First, in the process of cooling and pulverizing desulfurized slag in the steelworks, a sample was taken from the desulfurized slag, and the compound form of sulfur in the desulfurized slag was investigated using X-ray diffraction. As a result, most of the sulfur compounds in the desulfurized slag generated by the desulfurization treatment of the hot metal and forcibly quenched by high-temperature desulfurization slag after being discharged from the hot metal to the room temperature are CaS compound forms. I understood. CaS is a product of the desulfurization reaction, and it is considered that CaS remained in the desulfurized slag as CaS without being oxidized into CaSO ₃ or CaSO ₄ by rapidly cooling the desulfurized slag with water spray. Said normal temperature is 200 degrees C or less, Preferably it is 100 degrees C or less.

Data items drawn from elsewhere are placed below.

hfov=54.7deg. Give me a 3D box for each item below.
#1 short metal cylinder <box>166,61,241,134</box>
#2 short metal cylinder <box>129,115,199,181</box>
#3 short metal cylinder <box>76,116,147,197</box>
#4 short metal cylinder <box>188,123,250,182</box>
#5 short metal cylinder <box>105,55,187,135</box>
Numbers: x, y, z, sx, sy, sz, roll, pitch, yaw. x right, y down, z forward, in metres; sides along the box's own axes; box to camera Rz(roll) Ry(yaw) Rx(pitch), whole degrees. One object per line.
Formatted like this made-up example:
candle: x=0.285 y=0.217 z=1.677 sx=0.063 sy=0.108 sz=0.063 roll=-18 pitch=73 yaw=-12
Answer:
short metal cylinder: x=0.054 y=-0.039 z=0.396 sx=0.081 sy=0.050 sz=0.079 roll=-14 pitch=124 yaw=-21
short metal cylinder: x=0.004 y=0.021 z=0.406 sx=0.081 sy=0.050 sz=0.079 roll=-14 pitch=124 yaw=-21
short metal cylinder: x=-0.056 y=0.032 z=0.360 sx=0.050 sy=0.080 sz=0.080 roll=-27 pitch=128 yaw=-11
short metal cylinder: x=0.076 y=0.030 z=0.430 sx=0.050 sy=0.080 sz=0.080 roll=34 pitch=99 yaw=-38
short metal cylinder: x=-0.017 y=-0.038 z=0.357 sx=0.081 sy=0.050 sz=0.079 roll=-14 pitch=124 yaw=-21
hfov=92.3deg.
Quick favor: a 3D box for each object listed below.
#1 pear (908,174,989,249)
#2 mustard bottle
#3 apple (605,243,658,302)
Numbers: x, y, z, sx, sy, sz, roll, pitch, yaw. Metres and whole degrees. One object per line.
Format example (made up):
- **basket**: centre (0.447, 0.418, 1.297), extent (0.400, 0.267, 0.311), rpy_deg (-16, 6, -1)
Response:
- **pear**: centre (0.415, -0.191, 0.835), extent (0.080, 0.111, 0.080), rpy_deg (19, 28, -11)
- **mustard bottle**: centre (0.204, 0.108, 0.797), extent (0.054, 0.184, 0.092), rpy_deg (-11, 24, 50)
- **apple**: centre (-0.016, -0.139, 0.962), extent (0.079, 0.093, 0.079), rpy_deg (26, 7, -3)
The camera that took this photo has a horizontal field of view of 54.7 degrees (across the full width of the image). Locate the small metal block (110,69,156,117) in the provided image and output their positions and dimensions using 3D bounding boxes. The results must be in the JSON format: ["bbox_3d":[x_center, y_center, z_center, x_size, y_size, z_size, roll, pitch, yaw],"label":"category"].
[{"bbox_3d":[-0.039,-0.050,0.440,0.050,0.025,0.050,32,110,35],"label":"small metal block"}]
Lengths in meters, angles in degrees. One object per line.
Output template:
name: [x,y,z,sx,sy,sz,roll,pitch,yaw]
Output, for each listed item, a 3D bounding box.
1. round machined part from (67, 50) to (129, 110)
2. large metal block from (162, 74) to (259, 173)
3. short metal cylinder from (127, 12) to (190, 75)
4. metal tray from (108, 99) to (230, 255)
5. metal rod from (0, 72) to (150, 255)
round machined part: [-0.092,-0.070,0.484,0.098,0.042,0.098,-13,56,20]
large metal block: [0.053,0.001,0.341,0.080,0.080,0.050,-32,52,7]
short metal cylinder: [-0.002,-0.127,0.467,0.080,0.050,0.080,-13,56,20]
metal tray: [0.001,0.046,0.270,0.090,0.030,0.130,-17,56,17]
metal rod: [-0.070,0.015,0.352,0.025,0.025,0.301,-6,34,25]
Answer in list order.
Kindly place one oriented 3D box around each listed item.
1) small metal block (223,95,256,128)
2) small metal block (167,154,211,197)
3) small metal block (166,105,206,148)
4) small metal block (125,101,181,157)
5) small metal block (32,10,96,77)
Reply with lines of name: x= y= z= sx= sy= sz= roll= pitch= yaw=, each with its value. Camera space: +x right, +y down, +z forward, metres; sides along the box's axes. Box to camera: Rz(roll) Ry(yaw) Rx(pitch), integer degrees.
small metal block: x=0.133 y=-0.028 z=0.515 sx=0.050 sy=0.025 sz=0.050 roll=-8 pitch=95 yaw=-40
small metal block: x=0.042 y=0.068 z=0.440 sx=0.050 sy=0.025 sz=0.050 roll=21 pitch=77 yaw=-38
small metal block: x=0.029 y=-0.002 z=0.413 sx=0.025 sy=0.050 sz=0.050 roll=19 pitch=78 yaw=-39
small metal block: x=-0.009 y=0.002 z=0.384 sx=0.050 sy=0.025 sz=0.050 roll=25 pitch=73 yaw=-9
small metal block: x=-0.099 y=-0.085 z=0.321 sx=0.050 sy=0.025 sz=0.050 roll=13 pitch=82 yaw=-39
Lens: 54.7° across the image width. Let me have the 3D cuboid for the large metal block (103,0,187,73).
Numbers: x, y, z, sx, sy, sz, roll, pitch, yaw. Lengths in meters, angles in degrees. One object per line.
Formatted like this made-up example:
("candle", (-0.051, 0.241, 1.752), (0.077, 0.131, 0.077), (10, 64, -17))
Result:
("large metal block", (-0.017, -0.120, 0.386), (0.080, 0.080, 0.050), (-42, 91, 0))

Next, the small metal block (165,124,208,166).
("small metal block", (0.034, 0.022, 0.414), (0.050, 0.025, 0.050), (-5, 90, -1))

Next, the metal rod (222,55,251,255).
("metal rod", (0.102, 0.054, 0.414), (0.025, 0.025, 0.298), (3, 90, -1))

Next, a thermodynamic study and a small experiment were conducted on the removal of sulfur from CaS. As a result, heat treatment in an air atmosphere, that is, exposure to high-temperature air atmosphere to oxidize desulfurized slag, sulfur in CaS becomes gaseous SOx, and sulfur in desulfurized slag is removed to the gas phase side. It was found that the desulfurization rate from the desulfurized slag increases as the atmospheric temperature increases. Specifically, it was found that a desulfurization rate of 70% or higher can be obtained by setting the ambient temperature to 1250 ° C. or higher. The reaction at this time is considered to be 2CaS + 3O ₂ = 2CaO + 2SO ₂ . Here, the desulfurization rate (%) is the difference between the sulfur concentration (mass%) of the desulfurized slag before heat treatment and the sulfur concentration (mass%) of the desulfurized slag after heat treatment. It is a value expressed as a percentage with respect to the sulfur concentration (mass%).

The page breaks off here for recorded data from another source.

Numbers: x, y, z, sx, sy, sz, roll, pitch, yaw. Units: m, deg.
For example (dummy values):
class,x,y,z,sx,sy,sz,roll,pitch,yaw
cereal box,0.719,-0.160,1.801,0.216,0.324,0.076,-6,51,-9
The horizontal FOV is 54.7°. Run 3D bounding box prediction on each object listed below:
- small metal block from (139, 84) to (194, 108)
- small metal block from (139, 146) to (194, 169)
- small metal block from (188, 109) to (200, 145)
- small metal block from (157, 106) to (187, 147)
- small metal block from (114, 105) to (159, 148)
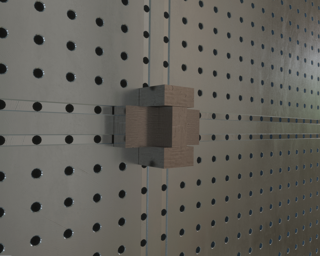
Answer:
class,x,y,z,sx,sy,sz,roll,pitch,yaw
small metal block,0.008,-0.039,0.401,0.050,0.050,0.025,1,90,-40
small metal block,0.008,0.036,0.401,0.050,0.050,0.025,1,90,-40
small metal block,0.029,-0.001,0.435,0.050,0.025,0.050,1,89,-40
small metal block,0.008,-0.002,0.401,0.025,0.050,0.050,1,90,-40
small metal block,-0.029,-0.002,0.386,0.050,0.025,0.050,1,90,-40
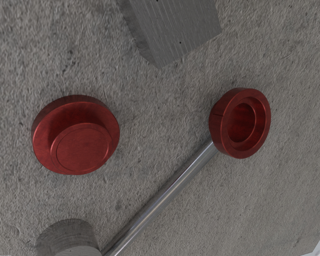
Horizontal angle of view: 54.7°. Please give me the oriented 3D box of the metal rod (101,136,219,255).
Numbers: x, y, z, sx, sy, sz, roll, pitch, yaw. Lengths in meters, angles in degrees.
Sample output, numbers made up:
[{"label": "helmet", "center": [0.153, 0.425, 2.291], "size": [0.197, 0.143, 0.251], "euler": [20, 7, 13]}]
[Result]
[{"label": "metal rod", "center": [-0.015, 0.130, 0.478], "size": [0.300, 0.025, 0.025], "euler": [-48, 129, 5]}]

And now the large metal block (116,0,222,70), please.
[{"label": "large metal block", "center": [0.008, -0.121, 0.320], "size": [0.080, 0.050, 0.080], "euler": [-32, 129, -8]}]

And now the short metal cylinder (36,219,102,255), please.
[{"label": "short metal cylinder", "center": [-0.126, 0.174, 0.429], "size": [0.081, 0.050, 0.079], "euler": [-14, 124, -21]}]

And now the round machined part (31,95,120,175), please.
[{"label": "round machined part", "center": [-0.092, 0.015, 0.354], "size": [0.099, 0.042, 0.097], "euler": [-14, 124, -21]}]

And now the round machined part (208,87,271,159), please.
[{"label": "round machined part", "center": [0.107, -0.009, 0.437], "size": [0.099, 0.042, 0.097], "euler": [-8, 105, -32]}]
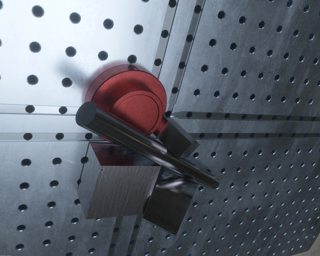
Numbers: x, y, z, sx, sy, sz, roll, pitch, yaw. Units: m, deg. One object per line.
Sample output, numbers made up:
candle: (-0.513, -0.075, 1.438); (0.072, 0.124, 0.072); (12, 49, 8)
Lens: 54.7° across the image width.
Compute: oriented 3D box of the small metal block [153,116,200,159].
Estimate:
small metal block: (0.021, 0.013, 0.404); (0.025, 0.050, 0.050); (-48, 164, 9)

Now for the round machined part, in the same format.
round machined part: (-0.035, -0.022, 0.368); (0.099, 0.042, 0.097); (-14, 125, -21)

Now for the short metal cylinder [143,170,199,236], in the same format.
short metal cylinder: (0.016, 0.106, 0.444); (0.080, 0.050, 0.080); (22, 92, -79)

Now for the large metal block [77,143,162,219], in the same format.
large metal block: (-0.055, 0.068, 0.405); (0.081, 0.050, 0.079); (5, 116, -31)

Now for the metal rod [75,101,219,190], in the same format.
metal rod: (0.010, 0.039, 0.400); (0.025, 0.025, 0.301); (-49, 142, 6)
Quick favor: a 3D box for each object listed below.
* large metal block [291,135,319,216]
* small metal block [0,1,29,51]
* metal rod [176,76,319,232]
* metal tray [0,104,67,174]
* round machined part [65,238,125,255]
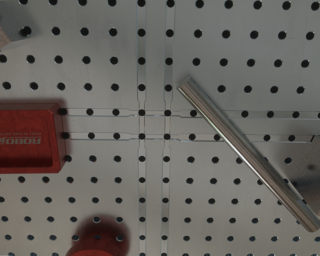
[{"bbox_3d":[0.230,0.066,0.412,0.050,0.080,0.079,16,109,-6],"label":"large metal block"},{"bbox_3d":[-0.185,-0.117,0.354,0.025,0.050,0.050,-28,108,10],"label":"small metal block"},{"bbox_3d":[0.131,0.045,0.431,0.025,0.025,0.300,-41,106,13],"label":"metal rod"},{"bbox_3d":[-0.198,0.015,0.413,0.131,0.030,0.089,-1,110,-1],"label":"metal tray"},{"bbox_3d":[-0.099,0.213,0.481,0.099,0.042,0.097,0,110,-1],"label":"round machined part"}]
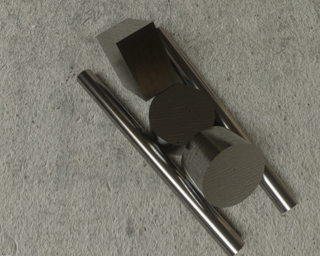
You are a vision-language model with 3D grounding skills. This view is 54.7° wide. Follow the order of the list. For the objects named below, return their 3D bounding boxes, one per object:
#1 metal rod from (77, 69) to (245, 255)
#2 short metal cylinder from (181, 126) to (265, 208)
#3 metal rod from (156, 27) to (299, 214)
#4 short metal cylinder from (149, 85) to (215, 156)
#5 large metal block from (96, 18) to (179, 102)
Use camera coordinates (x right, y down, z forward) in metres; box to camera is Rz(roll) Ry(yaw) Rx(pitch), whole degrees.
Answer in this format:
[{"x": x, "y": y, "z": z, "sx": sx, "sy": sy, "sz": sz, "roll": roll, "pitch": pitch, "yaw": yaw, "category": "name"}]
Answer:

  Furthermore, the present inventors performed a heating test using a large-sized heating furnace on which a refractory was constructed. As a result, when the ambient temperature exceeded 1500 ° C., operational problems such as the extremely severe damage to the furnace wall refractories and the melting adhesion of desulfurized slag to the furnace wall became apparent. That is, it was confirmed that the optimum atmospheric temperature was 1250 to 1500 ° C.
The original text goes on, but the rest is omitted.